Read STARGATE ATLANTIS: The Furies (Book 4 in the Legacy series) Online
Authors: Jo Graham
Tags: #Science Fiction
Eva smiled. “A lot of cultures have cautionary tales like that. It’s true. But sometimes there’s a seed of truth in stories.”
“You do not dismiss them?” Teyla’s forehead rose, what would have been eyebrows if she had them.
“Stories are the frame we give our lives,” she said. “They teach us what to believe about ourselves and the world around us, give us touchstones. Give us ways of seeing ourselves that are either productive or not.” Eva took a sip of cold coffee. “A few years ago I was working with kids who had been in a natural disaster, a terrible hurricane. Many of them had lost their homes, their schools, everything they had. Some of them had lost their parents or brothers and sisters. Very hard stuff. And so one of the frames we were working with was encouraging them to write their stories as superhero origin stories.” Teyla looked quizzical. “Like in comic books,” Eva said. “A lot of superheroes became who they were because of something terrible that happened when they were a child. Their parents were gunned down in front of them. Their world was destroyed. They were pursued and hunted when they developed mutant powers. All kinds of things. But in the stories, it’s the origin story that makes the superhero who he or she is. So when we encourage the kids to frame the terrible things that have happened to them as part of a superhero origin story, what we’re doing is giving them a way of looking at themselves as someone who will transcend the tragedy. They’re going to be super. They’re going to come out of this aware of their special gifts, strong people who have a brilliant future.”
Eva took another sip of coffee. “In a very real sense, we become who we dreamed of becoming. We inhabit the story we tell about ourselves.
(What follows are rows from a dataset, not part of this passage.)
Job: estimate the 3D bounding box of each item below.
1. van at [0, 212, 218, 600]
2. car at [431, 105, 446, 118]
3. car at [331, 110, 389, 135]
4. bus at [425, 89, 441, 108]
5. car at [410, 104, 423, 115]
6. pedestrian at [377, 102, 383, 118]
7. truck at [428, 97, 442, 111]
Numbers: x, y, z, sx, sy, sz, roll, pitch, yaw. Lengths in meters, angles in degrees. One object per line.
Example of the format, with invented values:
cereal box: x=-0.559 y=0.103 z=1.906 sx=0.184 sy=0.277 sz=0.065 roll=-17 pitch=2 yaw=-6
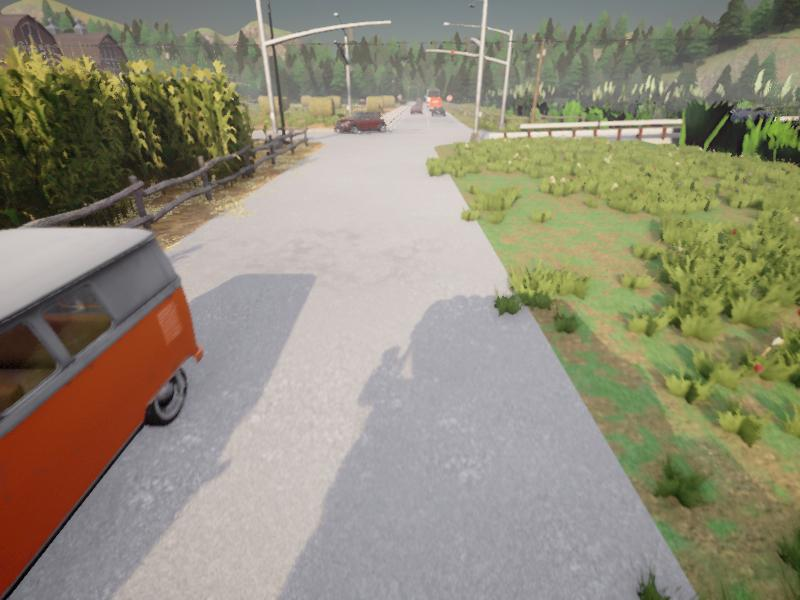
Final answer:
van: x=-3.138 y=1.000 z=2.512 sx=1.775 sy=1.987 sz=4.442 roll=0 pitch=27 yaw=0
car: x=6.086 y=-30.001 z=63.497 sx=2.152 sy=1.651 sz=5.027 roll=1 pitch=27 yaw=3
car: x=-3.417 y=-15.451 z=34.761 sx=4.553 sy=1.767 sz=2.097 roll=-20 pitch=33 yaw=-34
bus: x=8.340 y=-51.736 z=102.624 sx=3.944 sy=4.253 sz=10.273 roll=1 pitch=27 yaw=3
car: x=2.792 y=-31.870 z=66.992 sx=2.163 sy=1.488 sz=4.792 roll=1 pitch=27 yaw=3
pedestrian: x=-2.778 y=-26.065 z=54.893 sx=0.751 sy=1.860 sz=0.751 roll=0 pitch=27 yaw=1
truck: x=7.192 y=-40.017 z=81.759 sx=2.627 sy=2.467 sz=5.204 roll=1 pitch=27 yaw=3

But beyond that, myths and legends often are a way of passing down things that happened in the distant past.”
“You’re saying the changeling story may be true?” Teyla asked.
“I’m saying there may be a seed of truth in it. And you know that on some level, and your subconscious is trying to help you put the pieces together.”
“And when I do?” Teyla asked.
“Then you tell the story.”
Teyla was silent, and Eva rested her chin on her fingertips. “Let me tell you a story,” she said.
“Truly?” Teyla smiled again, odd and fleeting on a Wraith face. “I will hear your story, Dr. Robinson.”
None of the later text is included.